Exercise prompt —
Task for the records below: please retype exactly and only the lines from the first through the one with "- kerb stone [84,596,110,614]", with every picture omitted.
:: Dataset records
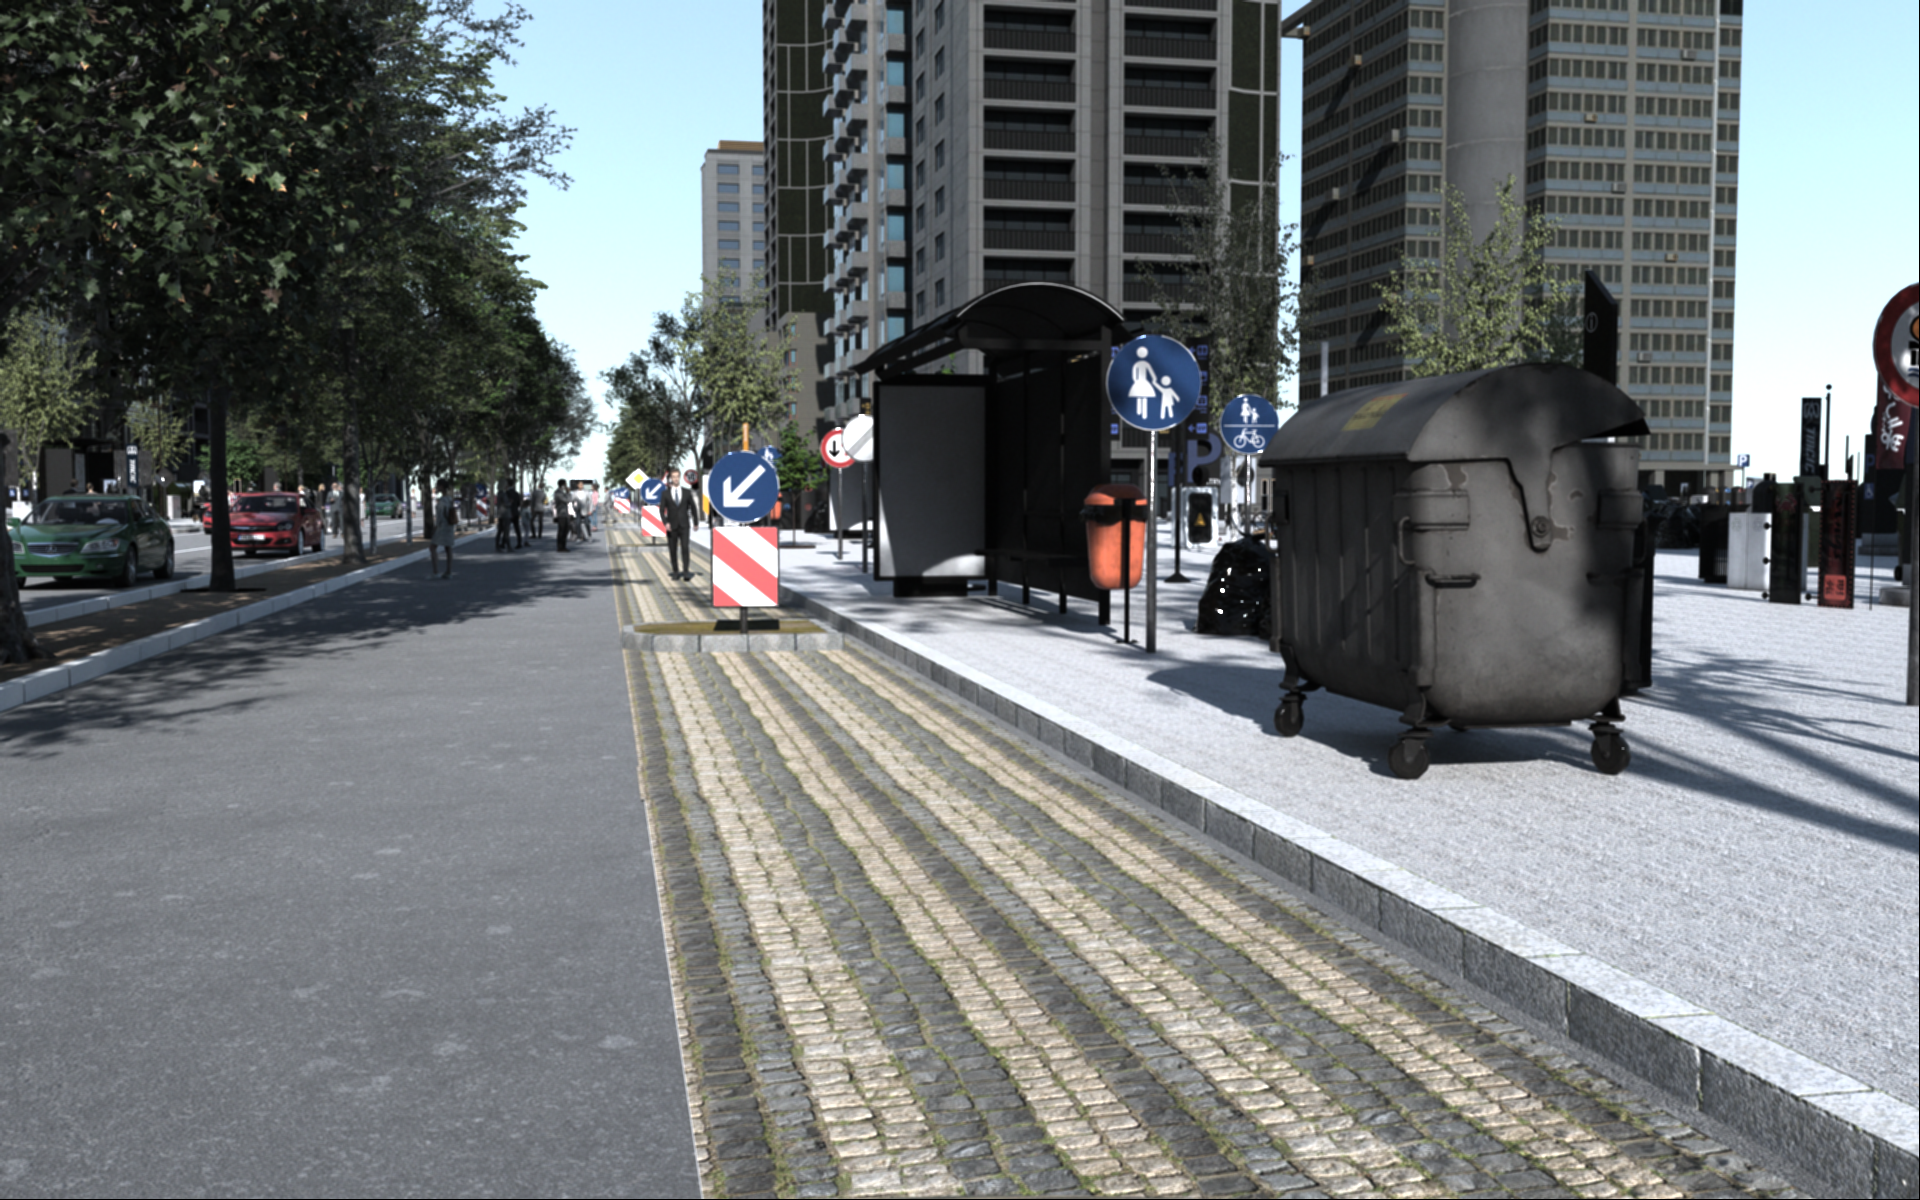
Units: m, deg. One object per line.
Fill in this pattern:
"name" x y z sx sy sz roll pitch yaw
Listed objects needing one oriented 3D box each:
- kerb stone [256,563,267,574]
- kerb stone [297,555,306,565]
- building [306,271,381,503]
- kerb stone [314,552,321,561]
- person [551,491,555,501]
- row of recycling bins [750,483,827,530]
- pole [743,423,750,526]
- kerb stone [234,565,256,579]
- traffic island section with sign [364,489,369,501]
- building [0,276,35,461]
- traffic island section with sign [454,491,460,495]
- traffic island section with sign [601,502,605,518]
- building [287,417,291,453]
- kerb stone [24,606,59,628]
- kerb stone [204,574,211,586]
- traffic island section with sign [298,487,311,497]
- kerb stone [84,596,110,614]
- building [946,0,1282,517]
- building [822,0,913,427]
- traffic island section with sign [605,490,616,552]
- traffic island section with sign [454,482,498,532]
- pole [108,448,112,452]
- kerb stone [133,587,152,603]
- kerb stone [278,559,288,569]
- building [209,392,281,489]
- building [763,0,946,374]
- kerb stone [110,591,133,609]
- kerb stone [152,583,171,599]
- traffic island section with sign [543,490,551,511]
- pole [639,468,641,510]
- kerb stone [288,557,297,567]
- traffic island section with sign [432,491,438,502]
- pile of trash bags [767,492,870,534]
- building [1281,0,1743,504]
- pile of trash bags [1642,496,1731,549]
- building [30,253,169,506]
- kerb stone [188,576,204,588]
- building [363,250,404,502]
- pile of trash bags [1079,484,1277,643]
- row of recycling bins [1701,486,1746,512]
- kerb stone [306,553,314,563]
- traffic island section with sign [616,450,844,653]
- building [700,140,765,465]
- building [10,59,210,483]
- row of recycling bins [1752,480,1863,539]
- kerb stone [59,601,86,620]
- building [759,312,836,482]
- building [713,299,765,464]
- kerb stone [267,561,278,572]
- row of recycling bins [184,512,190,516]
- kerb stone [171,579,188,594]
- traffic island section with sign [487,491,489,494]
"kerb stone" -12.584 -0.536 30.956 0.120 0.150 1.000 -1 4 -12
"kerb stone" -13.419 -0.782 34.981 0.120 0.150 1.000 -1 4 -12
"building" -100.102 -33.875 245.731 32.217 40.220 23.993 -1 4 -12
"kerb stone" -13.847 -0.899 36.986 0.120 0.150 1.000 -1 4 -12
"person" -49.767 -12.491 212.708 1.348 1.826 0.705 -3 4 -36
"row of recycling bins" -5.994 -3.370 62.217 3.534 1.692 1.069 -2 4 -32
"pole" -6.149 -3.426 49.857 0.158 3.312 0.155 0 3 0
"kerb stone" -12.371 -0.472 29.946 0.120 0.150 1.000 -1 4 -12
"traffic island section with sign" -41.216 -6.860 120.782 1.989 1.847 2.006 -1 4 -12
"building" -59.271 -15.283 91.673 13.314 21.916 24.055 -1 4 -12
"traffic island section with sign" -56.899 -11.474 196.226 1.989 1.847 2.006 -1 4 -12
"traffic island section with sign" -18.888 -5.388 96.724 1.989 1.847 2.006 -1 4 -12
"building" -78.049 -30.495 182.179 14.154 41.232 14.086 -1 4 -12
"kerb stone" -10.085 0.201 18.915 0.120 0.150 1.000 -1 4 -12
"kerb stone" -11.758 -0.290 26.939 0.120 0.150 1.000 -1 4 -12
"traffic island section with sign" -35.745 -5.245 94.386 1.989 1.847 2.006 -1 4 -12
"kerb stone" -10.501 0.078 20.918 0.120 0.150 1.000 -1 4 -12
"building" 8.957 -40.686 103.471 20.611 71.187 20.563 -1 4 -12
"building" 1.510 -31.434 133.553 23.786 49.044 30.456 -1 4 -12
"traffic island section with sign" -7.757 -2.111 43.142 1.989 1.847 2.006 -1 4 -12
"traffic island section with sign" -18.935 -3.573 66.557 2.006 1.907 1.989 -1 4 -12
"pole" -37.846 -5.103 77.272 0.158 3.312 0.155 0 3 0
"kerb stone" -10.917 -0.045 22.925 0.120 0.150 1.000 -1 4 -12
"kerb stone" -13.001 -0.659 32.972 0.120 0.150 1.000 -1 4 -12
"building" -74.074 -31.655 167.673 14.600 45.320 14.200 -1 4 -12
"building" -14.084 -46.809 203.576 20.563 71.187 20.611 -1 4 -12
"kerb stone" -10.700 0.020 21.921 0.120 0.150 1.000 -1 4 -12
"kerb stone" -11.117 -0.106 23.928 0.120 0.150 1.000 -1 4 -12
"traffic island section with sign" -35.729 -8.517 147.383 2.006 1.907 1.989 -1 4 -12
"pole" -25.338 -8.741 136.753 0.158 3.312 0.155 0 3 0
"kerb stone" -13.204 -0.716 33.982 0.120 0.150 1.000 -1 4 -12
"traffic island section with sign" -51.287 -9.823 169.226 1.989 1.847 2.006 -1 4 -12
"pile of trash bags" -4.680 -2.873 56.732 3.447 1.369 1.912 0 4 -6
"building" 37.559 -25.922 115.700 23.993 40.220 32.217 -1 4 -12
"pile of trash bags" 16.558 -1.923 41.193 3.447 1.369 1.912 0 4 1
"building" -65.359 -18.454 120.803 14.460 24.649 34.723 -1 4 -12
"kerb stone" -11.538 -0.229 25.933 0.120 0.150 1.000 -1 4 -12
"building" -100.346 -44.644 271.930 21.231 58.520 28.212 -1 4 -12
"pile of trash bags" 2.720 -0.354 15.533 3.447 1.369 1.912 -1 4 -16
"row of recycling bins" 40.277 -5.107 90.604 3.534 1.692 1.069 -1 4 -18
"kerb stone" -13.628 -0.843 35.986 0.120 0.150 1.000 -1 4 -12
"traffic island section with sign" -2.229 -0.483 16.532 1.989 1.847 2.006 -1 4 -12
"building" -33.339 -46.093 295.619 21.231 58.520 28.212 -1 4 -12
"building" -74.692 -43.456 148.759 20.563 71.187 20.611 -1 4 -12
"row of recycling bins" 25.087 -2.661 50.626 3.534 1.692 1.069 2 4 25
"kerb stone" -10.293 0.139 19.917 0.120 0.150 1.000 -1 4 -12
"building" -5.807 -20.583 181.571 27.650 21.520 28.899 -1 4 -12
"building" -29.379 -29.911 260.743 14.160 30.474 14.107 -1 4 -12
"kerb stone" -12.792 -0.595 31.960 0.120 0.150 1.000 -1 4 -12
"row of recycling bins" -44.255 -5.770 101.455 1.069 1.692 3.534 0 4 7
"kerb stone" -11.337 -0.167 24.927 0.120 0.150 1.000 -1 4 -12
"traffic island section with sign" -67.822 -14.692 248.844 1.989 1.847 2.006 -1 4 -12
::::
Task output —
Units: m, deg. One object per line.
Fill in this pattern:
"name" x y z sx sy sz roll pitch yaw
Listed objects needing one oriented 3D box each:
- kerb stone [256,563,267,574]
- kerb stone [297,555,306,565]
- building [306,271,381,503]
- kerb stone [314,552,321,561]
- person [551,491,555,501]
- row of recycling bins [750,483,827,530]
- pole [743,423,750,526]
- kerb stone [234,565,256,579]
- traffic island section with sign [364,489,369,501]
- building [0,276,35,461]
- traffic island section with sign [454,491,460,495]
- traffic island section with sign [601,502,605,518]
- building [287,417,291,453]
- kerb stone [24,606,59,628]
- kerb stone [204,574,211,586]
- traffic island section with sign [298,487,311,497]
- kerb stone [84,596,110,614]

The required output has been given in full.